Kreck started at the Post on Oct. 20, 1969, and she left the newspaper on July 4, 2003. Throughout her career, Kreck worked in the paper’s library and as a reporter and features writer. Kreck, in 1987, originated a child advocacy beat at the Post. Her in-depth reporting covered , foster care, child care, access to health care for children, maternal substance abuse, migrant children and more.

An example of Kreck’s work includes the top of this October 1989 story: “Desperate to stop shooting heroin, Carol destroyed her syringes, phoned her drug dealer and told him not to call anymore. Then she opened the Yellow Pages and started dialing drug treatment programs. She called five or six before she realized there is no place in Colorado for women who are poor, uninsured and abusing drugs; one hospital told her they would treat her for $3,000.” Carol, the subject in Kreck’s story, went on to do outreach work in AIDS prevention for Empowerment, a Denver-area program for women ex-offenders and prostitutes.

In June 1992, Kreck was one of 17 people honored by then-Gov. Roy Romer and his wife, “Bea,” for her wide-ranging reporting and stories on children’s issues. The awards ceremony was titled “Raising Colorado: Investing in the Future of Our Children and Families.”

In December 1994, Kreck was honored as a “children’s champion” by the Colorado Children’s Campaign.

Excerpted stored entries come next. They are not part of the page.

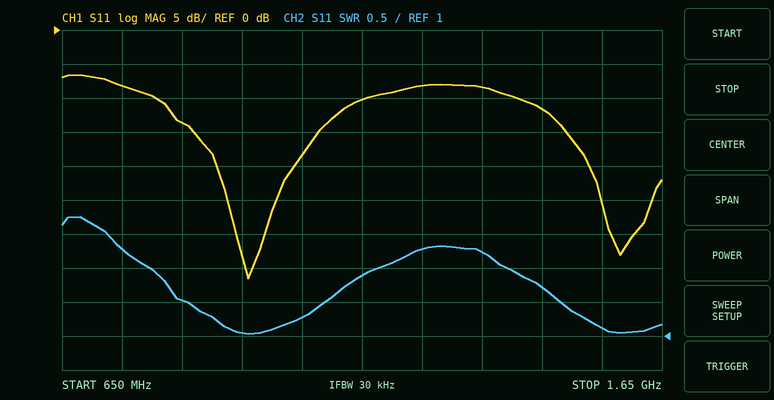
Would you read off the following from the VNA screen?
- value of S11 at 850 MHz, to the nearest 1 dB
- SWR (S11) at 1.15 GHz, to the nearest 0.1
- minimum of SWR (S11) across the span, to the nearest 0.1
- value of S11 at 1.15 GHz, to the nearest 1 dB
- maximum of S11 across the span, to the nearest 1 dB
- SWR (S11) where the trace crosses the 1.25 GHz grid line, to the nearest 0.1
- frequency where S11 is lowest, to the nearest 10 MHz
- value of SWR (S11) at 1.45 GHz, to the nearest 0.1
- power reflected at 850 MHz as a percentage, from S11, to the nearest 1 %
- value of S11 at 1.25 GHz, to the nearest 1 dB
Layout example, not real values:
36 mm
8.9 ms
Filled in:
-14 dB
1.9
1.0
-10 dB
-7 dB
2.3
960 MHz
1.7
4 %
-8 dB
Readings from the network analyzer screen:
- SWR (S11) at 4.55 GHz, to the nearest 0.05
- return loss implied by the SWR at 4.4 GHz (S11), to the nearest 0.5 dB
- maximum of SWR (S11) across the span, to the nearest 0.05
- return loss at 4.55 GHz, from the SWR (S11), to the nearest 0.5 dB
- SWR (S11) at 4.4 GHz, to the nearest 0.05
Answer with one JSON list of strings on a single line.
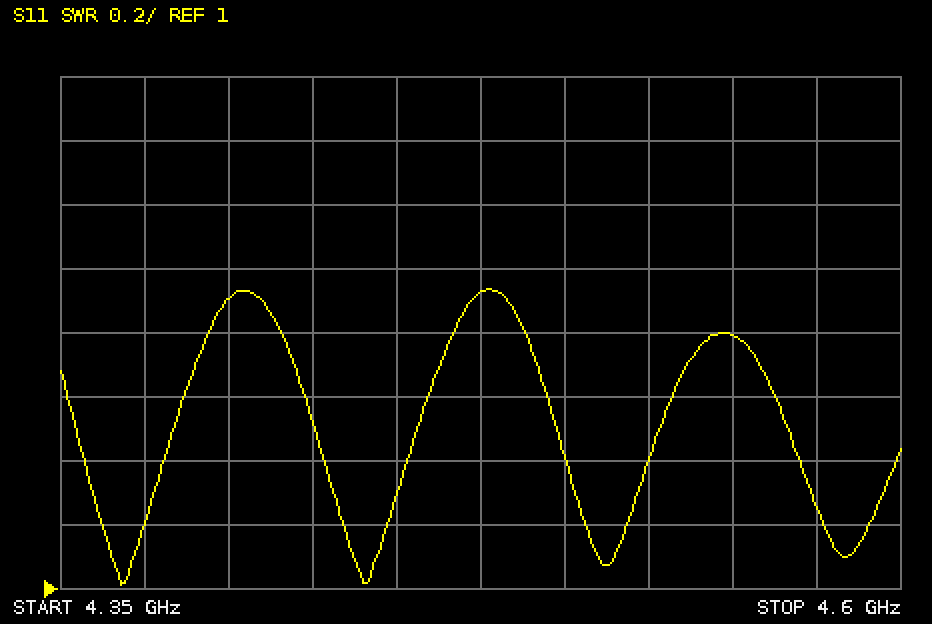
["1.80", "10.0 dB", "1.95", "11.0 dB", "1.90"]
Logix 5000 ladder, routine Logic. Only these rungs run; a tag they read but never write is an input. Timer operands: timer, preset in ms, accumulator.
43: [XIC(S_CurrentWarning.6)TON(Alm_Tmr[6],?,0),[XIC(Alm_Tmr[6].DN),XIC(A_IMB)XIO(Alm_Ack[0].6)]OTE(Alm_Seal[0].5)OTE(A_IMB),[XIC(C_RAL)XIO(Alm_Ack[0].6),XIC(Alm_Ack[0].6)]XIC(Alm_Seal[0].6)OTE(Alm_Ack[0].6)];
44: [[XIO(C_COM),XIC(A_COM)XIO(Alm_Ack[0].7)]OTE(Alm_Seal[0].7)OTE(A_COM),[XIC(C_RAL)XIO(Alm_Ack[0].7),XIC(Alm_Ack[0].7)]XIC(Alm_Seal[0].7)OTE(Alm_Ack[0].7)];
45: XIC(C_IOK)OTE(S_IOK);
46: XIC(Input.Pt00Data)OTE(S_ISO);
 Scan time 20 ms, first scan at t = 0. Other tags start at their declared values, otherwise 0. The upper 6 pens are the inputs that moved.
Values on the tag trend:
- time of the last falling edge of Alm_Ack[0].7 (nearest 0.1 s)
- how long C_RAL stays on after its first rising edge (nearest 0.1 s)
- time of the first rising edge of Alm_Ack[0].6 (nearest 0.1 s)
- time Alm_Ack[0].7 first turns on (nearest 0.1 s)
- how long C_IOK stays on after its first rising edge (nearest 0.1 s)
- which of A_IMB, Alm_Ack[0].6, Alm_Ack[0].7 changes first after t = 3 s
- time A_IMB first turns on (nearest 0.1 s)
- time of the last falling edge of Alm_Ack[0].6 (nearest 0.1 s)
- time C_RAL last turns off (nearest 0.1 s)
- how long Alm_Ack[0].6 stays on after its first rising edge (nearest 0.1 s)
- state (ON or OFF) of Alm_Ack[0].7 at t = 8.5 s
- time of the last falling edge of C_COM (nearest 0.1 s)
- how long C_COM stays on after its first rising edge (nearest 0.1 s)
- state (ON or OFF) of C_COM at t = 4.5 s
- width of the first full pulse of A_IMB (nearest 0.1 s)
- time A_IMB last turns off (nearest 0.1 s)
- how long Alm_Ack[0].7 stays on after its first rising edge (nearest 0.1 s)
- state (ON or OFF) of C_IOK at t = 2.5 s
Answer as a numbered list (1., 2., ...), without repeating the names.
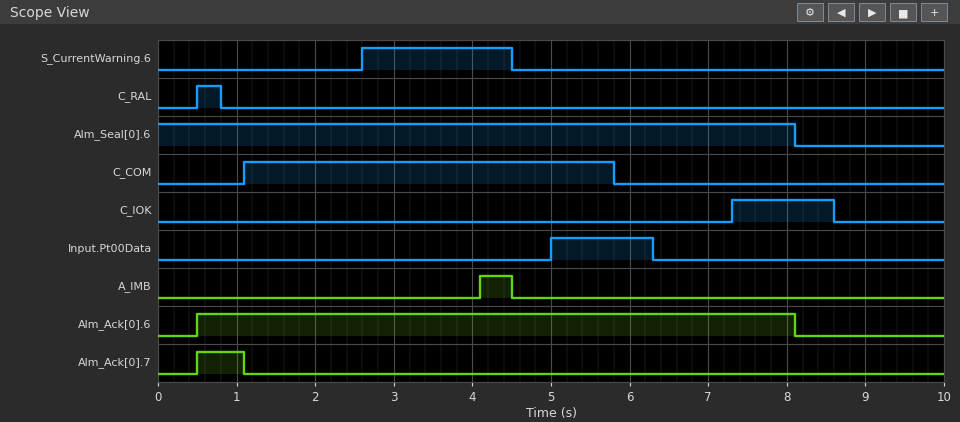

“Coverage of children is its own reward,” Kreck told the Post at the time, when she was mother to two teenage daughters. “What reporter wouldn’t get a kick out of being able to cover health care, justice, courts, the legislature all at once? Even though I’m having a great time, it’s still nice to be recognized.”

She was born Sept. 20, 1947, in East Lansing, Mich., to Robert and Hope Lowe, two World War II Navy veterans. The family moved to Lakewood in Carol’s youth. Kreck earned a degree in criminal justice from Metropolitan State College.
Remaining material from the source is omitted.